Kids in the Hall were way ahead of you on that:
Oh cool, three-year-old videos. You can never get enough of them. Except we’re talking here about lawyers.
It’s a 27 year old video, where independent counsel negotiate the terms of a possible sexual relationship.
It’s from the “Kids in the Hall” in 1989. The first 3 seconds and last 50 are just some navel gazing from the actors 27 years later.
Also, the cake is a lie.
What is it about going orthogonal, then responding by going even farther orthogonal. As in, what the fuck does any of this have to do with the post I wrote? Why are you taking up my comment space with this shit? Who asked you in the first place? Who asked you for more? Who gives a fuck? Why?
This is all rhetorical. Don’t answer.
I think he might just be jerking your chain a little.
Some people like to do that for shits and giggles.
Commenters can be very mean to me.
I’m licensed in CA. This is a good development. I’ve taken a well-known stand against sex with clients. Or with anyone you’re not married to. Who would do such a thing? Some people.
If you won’t have sex with anybody I’m not married to, you’re good to go pro se in Ca.
That makes too much sense. Really.
Not every rule needs to be a Rule. As this blog has noted elsewhere, ethics includes but is not coterminous with the rules enforced by formal discipline. Examples.
1) Ann Attorney meets Chuck Client in a initial consult. Chuck needs a divorce lawyer, and Ann gets to work – first on Chuck’s legal business and then, most unwisely, on Chuck intimately. Ann is in a straight up ethical conflict going beyond the question of sex itself: Ann damaged Chuck’s legal position in the divorce while purporting to act as a fiduciary. Ann will face hard discipline even without a no-sex rule, because it’s a conflict of interest without a specific no-sex Rule.
2) Barbara Barrister meets Larry Leadfoot at a barbecue. Larry wants representation on a speeding ticket for doing 65 in a 50. Barbara gives him her card on his request. He hires her for $400 to take care of this business. During the representation and before the court date, he decides to ask her out. Between their 2nd and 3rd date, the court date arrives; he is found guilty, fined $75.00 and given two points, She files a motion for reconsideration for later leniency. While that motion is technically pending post-trial, they starting big-D dating with overnight stays.

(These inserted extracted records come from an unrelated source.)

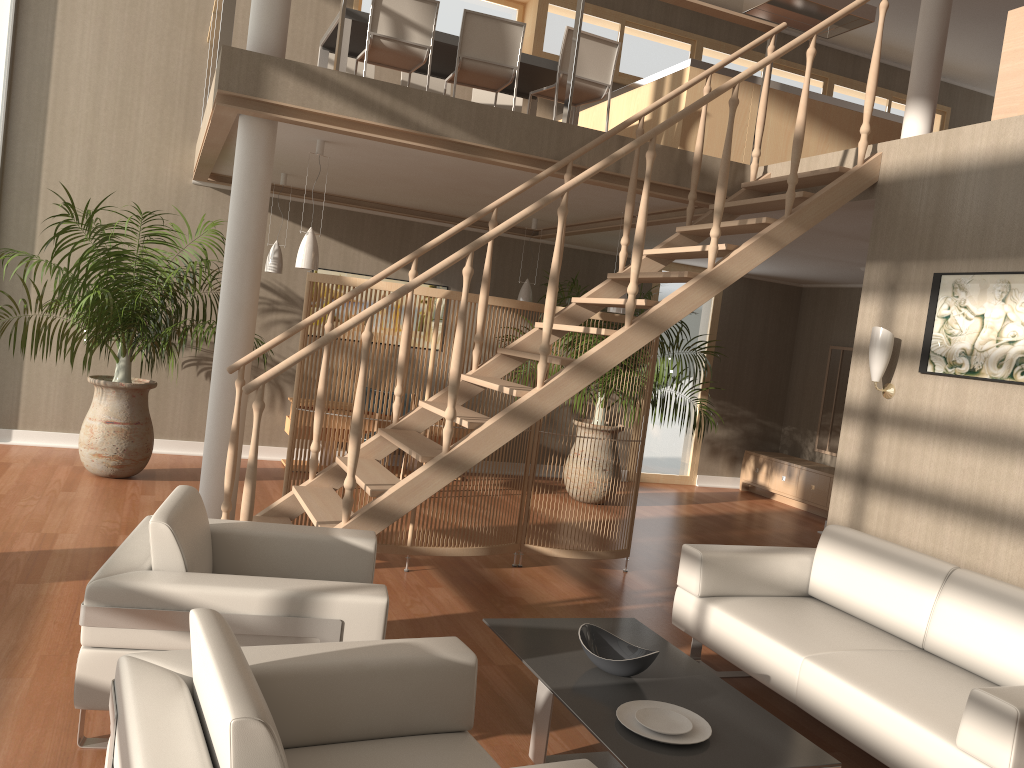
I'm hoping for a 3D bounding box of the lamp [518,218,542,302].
[{"bbox_3d":[0.159,-1.087,7.987,0.139,0.800,0.139,10,5,42],"label":"lamp"}]

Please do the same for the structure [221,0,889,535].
[{"bbox_3d":[0.227,-0.584,4.635,3.150,3.578,1.000,6,4,-22],"label":"structure"}]

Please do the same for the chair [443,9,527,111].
[{"bbox_3d":[-0.227,-2.054,6.095,0.430,0.796,0.496,6,4,-17],"label":"chair"}]

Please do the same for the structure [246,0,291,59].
[{"bbox_3d":[-1.175,-2.897,4.680,0.200,2.400,0.200,6,4,-22],"label":"structure"}]

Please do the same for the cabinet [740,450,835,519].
[{"bbox_3d":[3.166,1.089,9.219,0.500,0.458,1.911,6,4,-22],"label":"cabinet"}]

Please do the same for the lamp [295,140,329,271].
[{"bbox_3d":[-1.235,-1.116,5.529,0.139,0.800,0.139,7,3,-8],"label":"lamp"}]

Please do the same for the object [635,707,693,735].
[{"bbox_3d":[0.470,1.052,2.751,0.178,0.020,0.178,8,4,17],"label":"object"}]

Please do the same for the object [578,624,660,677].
[{"bbox_3d":[0.372,0.965,3.161,0.317,0.125,0.223,10,4,39],"label":"object"}]

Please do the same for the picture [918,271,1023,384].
[{"bbox_3d":[2.303,-0.219,3.612,0.018,0.487,1.531,6,4,-22],"label":"picture"}]

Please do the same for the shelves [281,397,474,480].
[{"bbox_3d":[-1.215,0.523,8.086,1.600,0.590,0.658,6,4,-22],"label":"shelves"}]

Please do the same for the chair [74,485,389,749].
[{"bbox_3d":[-0.933,0.792,3.136,0.905,0.740,0.900,7,4,-12],"label":"chair"}]

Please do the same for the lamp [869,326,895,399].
[{"bbox_3d":[1.869,-0.106,4.479,0.153,0.353,0.112,6,4,-22],"label":"lamp"}]

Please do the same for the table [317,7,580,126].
[{"bbox_3d":[-0.502,-2.091,6.641,1.800,0.740,0.900,6,4,-22],"label":"table"}]

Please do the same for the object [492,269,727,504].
[{"bbox_3d":[0.811,0.145,8.120,2.157,2.304,2.109,5,4,-33],"label":"object"}]

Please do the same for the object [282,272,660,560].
[{"bbox_3d":[-0.169,0.254,5.300,2.229,1.542,0.233,6,4,-17],"label":"object"}]

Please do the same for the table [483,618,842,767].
[{"bbox_3d":[0.418,1.184,3.119,0.700,0.293,1.260,6,4,-22],"label":"table"}]

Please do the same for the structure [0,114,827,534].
[{"bbox_3d":[2.259,0.157,5.390,10.775,2.533,8.342,6,4,-22],"label":"structure"}]

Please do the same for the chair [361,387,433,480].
[{"bbox_3d":[-1.010,0.465,7.421,0.582,0.856,0.509,8,4,18],"label":"chair"}]

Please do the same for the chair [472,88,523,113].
[{"bbox_3d":[-0.113,-2.109,7.249,0.430,0.796,0.496,7,4,-12],"label":"chair"}]

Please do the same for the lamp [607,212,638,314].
[{"bbox_3d":[0.804,-0.907,6.362,0.139,0.800,0.139,8,4,13],"label":"lamp"}]

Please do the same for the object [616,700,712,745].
[{"bbox_3d":[0.469,1.055,2.751,0.294,0.020,0.294,10,4,40],"label":"object"}]

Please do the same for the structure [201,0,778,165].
[{"bbox_3d":[-0.517,-2.175,6.659,3.300,0.900,3.475,6,4,-22],"label":"structure"}]

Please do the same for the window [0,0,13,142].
[{"bbox_3d":[-3.466,-1.724,5.504,0.020,5.200,3.340,6,4,-22],"label":"window"}]

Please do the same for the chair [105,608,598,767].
[{"bbox_3d":[-0.387,0.933,1.964,0.905,0.740,0.900,6,4,-27],"label":"chair"}]

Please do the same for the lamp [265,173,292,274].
[{"bbox_3d":[-1.880,-1.297,7.154,0.139,0.800,0.139,10,5,42],"label":"lamp"}]

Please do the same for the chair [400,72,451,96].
[{"bbox_3d":[-0.635,-2.162,7.028,0.430,0.796,0.496,6,4,-27],"label":"chair"}]

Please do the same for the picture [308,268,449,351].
[{"bbox_3d":[-1.265,-0.698,8.399,1.317,0.633,0.010,6,4,-22],"label":"picture"}]

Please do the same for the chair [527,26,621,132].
[{"bbox_3d":[0.393,-1.980,6.186,0.430,0.796,0.496,6,4,-27],"label":"chair"}]

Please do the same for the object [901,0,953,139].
[{"bbox_3d":[2.955,-2.465,6.239,0.200,2.400,0.200,6,4,-22],"label":"object"}]

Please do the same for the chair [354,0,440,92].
[{"bbox_3d":[-0.800,-2.113,5.868,0.430,0.796,0.496,6,4,-22],"label":"chair"}]

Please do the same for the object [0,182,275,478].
[{"bbox_3d":[-2.922,-0.239,6.616,2.109,2.304,2.157,5,4,-29],"label":"object"}]

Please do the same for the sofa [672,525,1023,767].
[{"bbox_3d":[1.503,1.080,3.514,0.905,0.740,1.781,6,4,-22],"label":"sofa"}]

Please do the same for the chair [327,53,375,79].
[{"bbox_3d":[-1.247,-2.233,6.918,0.430,0.796,0.496,6,4,-27],"label":"chair"}]

Is a formal disciplinary Rule necessary in Barbara’s case? I’d suggest that Maryland’s disciplinary approach – analyzing the matter under conflict of interest principles, rather than a blanket no-sex Rule – suffices to protect the public and thwart conduct prejudicial to justice. Making something a disciplinary violation imposes a squeal duty on all lawyers, and perhaps Bar Counsel has more important things to do than police the bedrooms of the Bar and field every complaint of every crank and pissed-off ex who claims, “he gave me legal advice once before our first date.” Ethics and prudence need rules; maybe they don’t need this additional one.
Silly and simplistic.
We knew you were going to say that. You do not like GodFrey.
I don’t dislike Godfrey. I didn’t think much of his comment.
Any ethical rule will have some conceivable scenarios where the violation doesn’t seem that harmful. If an opposing party is getting bad advice from his attorney and you meet with him without his attorney and convince him of that aren’t you doing him a favor? Should you really get punished for doing something *helpful* to another person? The problem is that once that door is opened lawyers will figure out all sorts of ways to justify their shenanigans. So you need a bright line rule to keep misconduct away. Someone who wants to bang his client will rationalize how the banging isn’t really harmful or coercive.
For any given California attorney 99.99 percent of the population will not be his/her clients. Date one of those people.
We know this set-up works because it’s already working in CA. I don’t really oppose a ban on sex with clients, but it’s a solution in search of a problem.
It works, except when it doesn’t. Like most things. Then again, keep yer dick in yer pants works too, and easier.